Material supplied >>
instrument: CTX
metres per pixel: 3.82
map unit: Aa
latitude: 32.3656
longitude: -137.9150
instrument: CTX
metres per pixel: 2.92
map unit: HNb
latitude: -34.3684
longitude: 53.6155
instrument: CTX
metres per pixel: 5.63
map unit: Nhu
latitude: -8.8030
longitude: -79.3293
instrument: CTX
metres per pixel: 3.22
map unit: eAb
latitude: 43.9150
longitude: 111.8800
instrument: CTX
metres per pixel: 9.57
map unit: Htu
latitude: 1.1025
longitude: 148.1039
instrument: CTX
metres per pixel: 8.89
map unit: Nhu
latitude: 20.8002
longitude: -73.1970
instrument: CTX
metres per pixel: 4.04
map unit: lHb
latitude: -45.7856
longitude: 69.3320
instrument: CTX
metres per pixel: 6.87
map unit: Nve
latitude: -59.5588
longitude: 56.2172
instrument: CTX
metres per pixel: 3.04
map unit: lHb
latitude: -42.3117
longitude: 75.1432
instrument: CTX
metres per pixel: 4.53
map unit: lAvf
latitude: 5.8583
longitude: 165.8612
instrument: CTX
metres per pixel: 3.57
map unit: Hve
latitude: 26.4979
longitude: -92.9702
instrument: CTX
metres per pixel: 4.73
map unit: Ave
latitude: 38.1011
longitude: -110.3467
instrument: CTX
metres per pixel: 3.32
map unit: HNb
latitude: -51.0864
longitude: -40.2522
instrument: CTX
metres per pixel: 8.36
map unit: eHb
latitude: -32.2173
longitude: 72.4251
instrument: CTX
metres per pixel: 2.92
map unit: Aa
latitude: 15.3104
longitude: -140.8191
---
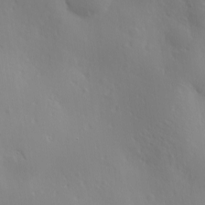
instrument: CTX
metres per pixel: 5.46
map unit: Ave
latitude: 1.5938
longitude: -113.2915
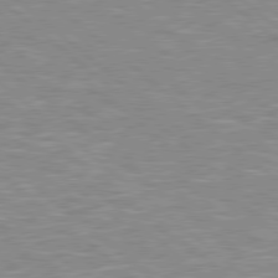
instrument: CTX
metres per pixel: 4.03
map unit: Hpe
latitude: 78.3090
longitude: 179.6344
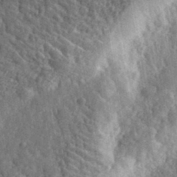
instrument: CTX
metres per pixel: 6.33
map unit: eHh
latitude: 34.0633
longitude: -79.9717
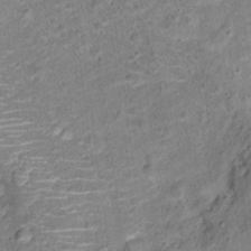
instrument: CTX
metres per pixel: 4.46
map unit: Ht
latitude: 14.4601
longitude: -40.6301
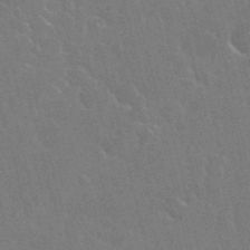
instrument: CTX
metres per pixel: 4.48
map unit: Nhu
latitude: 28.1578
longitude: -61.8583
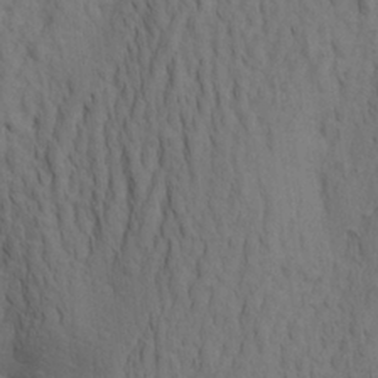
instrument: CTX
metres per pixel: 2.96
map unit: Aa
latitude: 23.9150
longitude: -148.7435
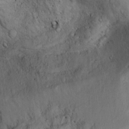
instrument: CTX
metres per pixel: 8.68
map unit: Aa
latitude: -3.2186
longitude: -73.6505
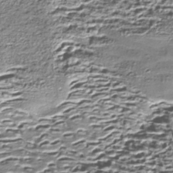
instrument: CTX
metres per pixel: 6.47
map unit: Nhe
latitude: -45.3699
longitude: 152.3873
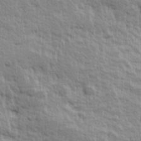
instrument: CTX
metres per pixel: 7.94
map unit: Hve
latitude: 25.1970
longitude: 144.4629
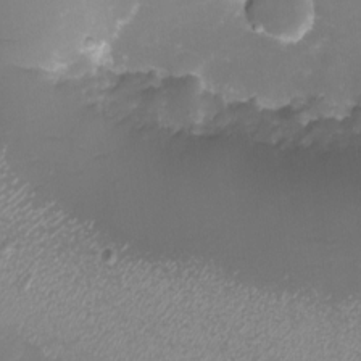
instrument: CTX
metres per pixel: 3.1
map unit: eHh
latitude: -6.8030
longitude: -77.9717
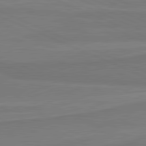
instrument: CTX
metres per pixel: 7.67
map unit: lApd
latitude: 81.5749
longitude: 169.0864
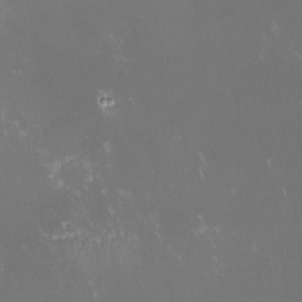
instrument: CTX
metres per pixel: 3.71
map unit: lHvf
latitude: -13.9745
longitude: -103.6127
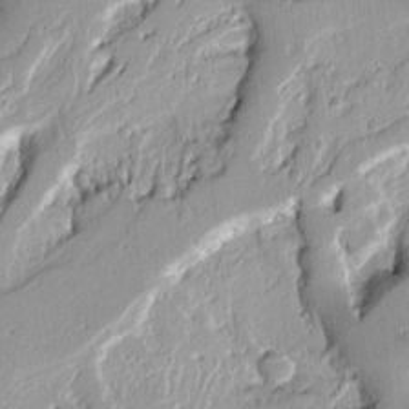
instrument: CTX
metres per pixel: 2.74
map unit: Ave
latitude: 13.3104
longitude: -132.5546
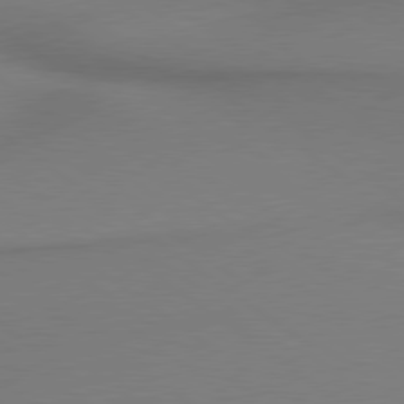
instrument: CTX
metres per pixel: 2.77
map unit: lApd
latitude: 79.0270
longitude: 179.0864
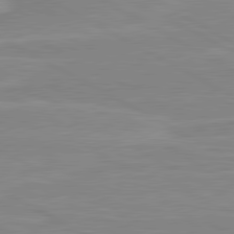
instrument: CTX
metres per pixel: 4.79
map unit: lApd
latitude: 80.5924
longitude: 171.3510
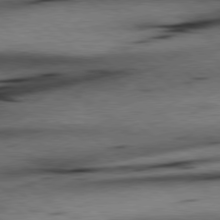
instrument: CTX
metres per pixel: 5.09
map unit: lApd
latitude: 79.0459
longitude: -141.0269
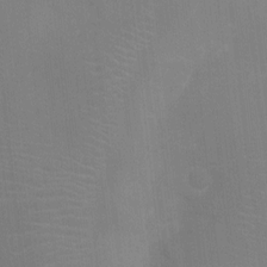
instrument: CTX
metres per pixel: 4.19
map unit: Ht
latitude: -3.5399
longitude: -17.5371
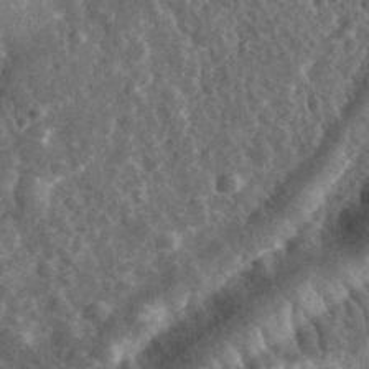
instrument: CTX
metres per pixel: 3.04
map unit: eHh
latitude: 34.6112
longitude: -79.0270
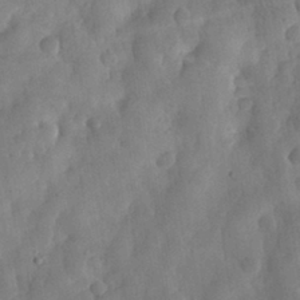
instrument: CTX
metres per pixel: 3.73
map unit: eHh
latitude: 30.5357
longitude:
...
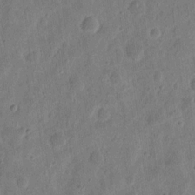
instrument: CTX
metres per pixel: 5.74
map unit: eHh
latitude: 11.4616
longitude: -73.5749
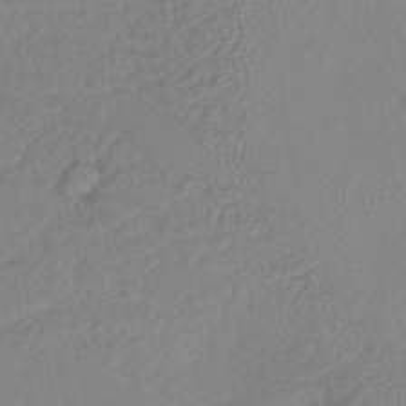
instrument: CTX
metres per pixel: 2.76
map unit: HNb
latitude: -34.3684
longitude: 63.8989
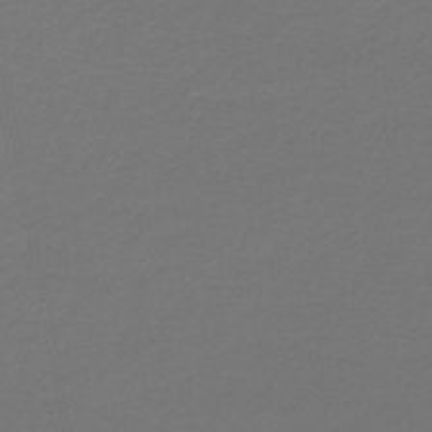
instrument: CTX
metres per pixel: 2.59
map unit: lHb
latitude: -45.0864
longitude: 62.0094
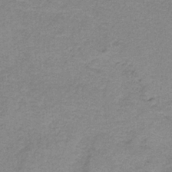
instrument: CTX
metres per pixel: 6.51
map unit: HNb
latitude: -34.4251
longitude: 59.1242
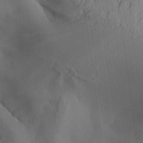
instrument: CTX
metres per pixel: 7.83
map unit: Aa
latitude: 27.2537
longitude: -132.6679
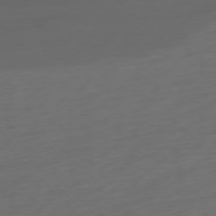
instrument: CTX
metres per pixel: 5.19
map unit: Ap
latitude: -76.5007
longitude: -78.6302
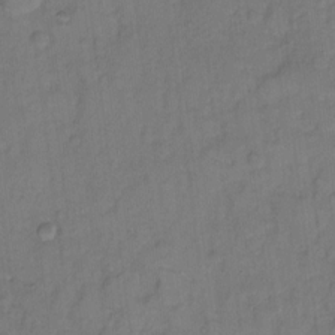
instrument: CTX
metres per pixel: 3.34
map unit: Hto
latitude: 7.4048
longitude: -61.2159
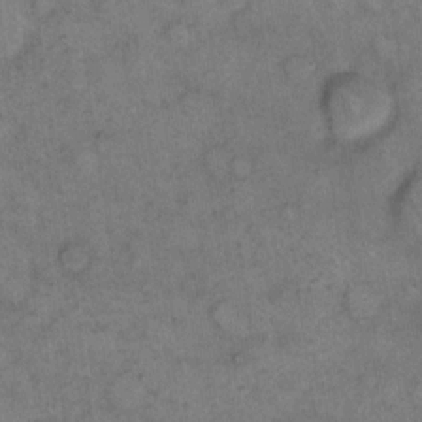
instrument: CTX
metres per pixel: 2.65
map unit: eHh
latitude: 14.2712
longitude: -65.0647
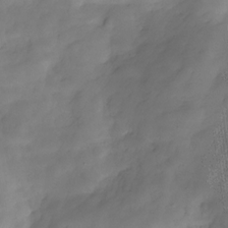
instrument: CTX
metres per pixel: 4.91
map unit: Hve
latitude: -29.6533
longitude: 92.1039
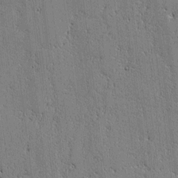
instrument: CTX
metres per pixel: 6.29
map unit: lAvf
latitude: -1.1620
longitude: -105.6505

Your assignment >>
Your answer must be the lines above from the one containing "latitude: 1.1025" to the one containing "latitude: -42.3117", both included, restated word for word.

Response below >>
latitude: 1.1025
longitude: 148.1039
instrument: CTX
metres per pixel: 8.89
map unit: Nhu
latitude: 20.8002
longitude: -73.1970
instrument: CTX
metres per pixel: 4.04
map unit: lHb
latitude: -45.7856
longitude: 69.3320
instrument: CTX
metres per pixel: 6.87
map unit: Nve
latitude: -59.5588
longitude: 56.2172
instrument: CTX
metres per pixel: 3.04
map unit: lHb
latitude: -42.3117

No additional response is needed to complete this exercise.